» DATA FOR REVIEW
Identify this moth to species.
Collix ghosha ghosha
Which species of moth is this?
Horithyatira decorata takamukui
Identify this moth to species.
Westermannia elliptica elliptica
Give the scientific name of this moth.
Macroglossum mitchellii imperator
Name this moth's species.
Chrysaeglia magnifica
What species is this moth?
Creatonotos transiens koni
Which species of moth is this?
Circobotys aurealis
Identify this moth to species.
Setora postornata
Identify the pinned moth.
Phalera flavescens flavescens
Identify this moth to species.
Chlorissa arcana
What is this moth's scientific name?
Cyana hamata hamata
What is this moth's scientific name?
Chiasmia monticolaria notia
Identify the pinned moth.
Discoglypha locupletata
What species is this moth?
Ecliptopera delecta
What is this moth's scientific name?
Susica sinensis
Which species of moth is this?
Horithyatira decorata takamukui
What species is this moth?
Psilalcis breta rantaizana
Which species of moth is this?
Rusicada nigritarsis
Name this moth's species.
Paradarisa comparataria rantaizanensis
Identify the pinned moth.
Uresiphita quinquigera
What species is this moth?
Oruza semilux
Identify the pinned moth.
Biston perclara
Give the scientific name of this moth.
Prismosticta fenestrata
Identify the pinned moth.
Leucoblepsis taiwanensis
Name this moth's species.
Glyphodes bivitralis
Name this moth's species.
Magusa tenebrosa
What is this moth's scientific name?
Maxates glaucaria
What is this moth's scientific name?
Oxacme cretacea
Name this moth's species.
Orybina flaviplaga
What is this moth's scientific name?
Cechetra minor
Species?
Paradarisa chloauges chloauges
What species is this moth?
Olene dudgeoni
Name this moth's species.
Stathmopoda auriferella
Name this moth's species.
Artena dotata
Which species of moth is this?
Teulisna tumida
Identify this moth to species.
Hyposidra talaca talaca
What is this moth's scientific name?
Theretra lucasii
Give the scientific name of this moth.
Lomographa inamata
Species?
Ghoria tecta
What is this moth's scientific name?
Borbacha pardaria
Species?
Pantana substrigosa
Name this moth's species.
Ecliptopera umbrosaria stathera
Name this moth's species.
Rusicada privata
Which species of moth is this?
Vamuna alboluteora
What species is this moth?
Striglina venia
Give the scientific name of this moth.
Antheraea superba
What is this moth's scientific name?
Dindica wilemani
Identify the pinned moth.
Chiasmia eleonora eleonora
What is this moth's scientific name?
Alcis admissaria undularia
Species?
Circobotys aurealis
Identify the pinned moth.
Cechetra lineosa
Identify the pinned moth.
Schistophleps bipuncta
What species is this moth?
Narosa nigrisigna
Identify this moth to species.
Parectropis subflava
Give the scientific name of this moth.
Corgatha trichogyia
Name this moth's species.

» YOUR INSTRUCTIONS
Restate the entire listing verbatim.

» WRITTEN ANSWER
Identify this moth to species.
Collix ghosha ghosha
Which species of moth is this?
Horithyatira decorata takamukui
Identify this moth to species.
Westermannia elliptica elliptica
Give the scientific name of this moth.
Macroglossum mitchellii imperator
Name this moth's species.
Chrysaeglia magnifica
What species is this moth?
Creatonotos transiens koni
Which species of moth is this?
Circobotys aurealis
Identify this moth to species.
Setora postornata
Identify the pinned moth.
Phalera flavescens flavescens
Identify this moth to species.
Chlorissa arcana
What is this moth's scientific name?
Cyana hamata hamata
What is this moth's scientific name?
Chiasmia monticolaria notia
Identify the pinned moth.
Discoglypha locupletata
What species is this moth?
Ecliptopera delecta
What is this moth's scientific name?
Susica sinensis
Which species of moth is this?
Horithyatira decorata takamukui
What species is this moth?
Psilalcis breta rantaizana
Which species of moth is this?
Rusicada nigritarsis
Name this moth's species.
Paradarisa comparataria rantaizanensis
Identify the pinned moth.
Uresiphita quinquigera
What species is this moth?
Oruza semilux
Identify the pinned moth.
Biston perclara
Give the scientific name of this moth.
Prismosticta fenestrata
Identify the pinned moth.
Leucoblepsis taiwanensis
Name this moth's species.
Glyphodes bivitralis
Name this moth's species.
Magusa tenebrosa
What is this moth's scientific name?
Maxates glaucaria
What is this moth's scientific name?
Oxacme cretacea
Name this moth's species.
Orybina flaviplaga
What is this moth's scientific name?
Cechetra minor
Species?
Paradarisa chloauges chloauges
What species is this moth?
Olene dudgeoni
Name this moth's species.
Stathmopoda auriferella
Name this moth's species.
Artena dotata
Which species of moth is this?
Teulisna tumida
Identify this moth to species.
Hyposidra talaca talaca
What is this moth's scientific name?
Theretra lucasii
Give the scientific name of this moth.
Lomographa inamata
Species?
Ghoria tecta
What is this moth's scientific name?
Borbacha pardaria
Species?
Pantana substrigosa
Name this moth's species.
Ecliptopera umbrosaria stathera
Name this moth's species.
Rusicada privata
Which species of moth is this?
Vamuna alboluteora
What species is this moth?
Striglina venia
Give the scientific name of this moth.
Antheraea superba
What is this moth's scientific name?
Dindica wilemani
Identify the pinned moth.
Chiasmia eleonora eleonora
What is this moth's scientific name?
Alcis admissaria undularia
Species?
Circobotys aurealis
Identify the pinned moth.
Cechetra lineosa
Identify the pinned moth.
Schistophleps bipuncta
What species is this moth?
Narosa nigrisigna
Identify this moth to species.
Parectropis subflava
Give the scientific name of this moth.
Corgatha trichogyia
Name this moth's species.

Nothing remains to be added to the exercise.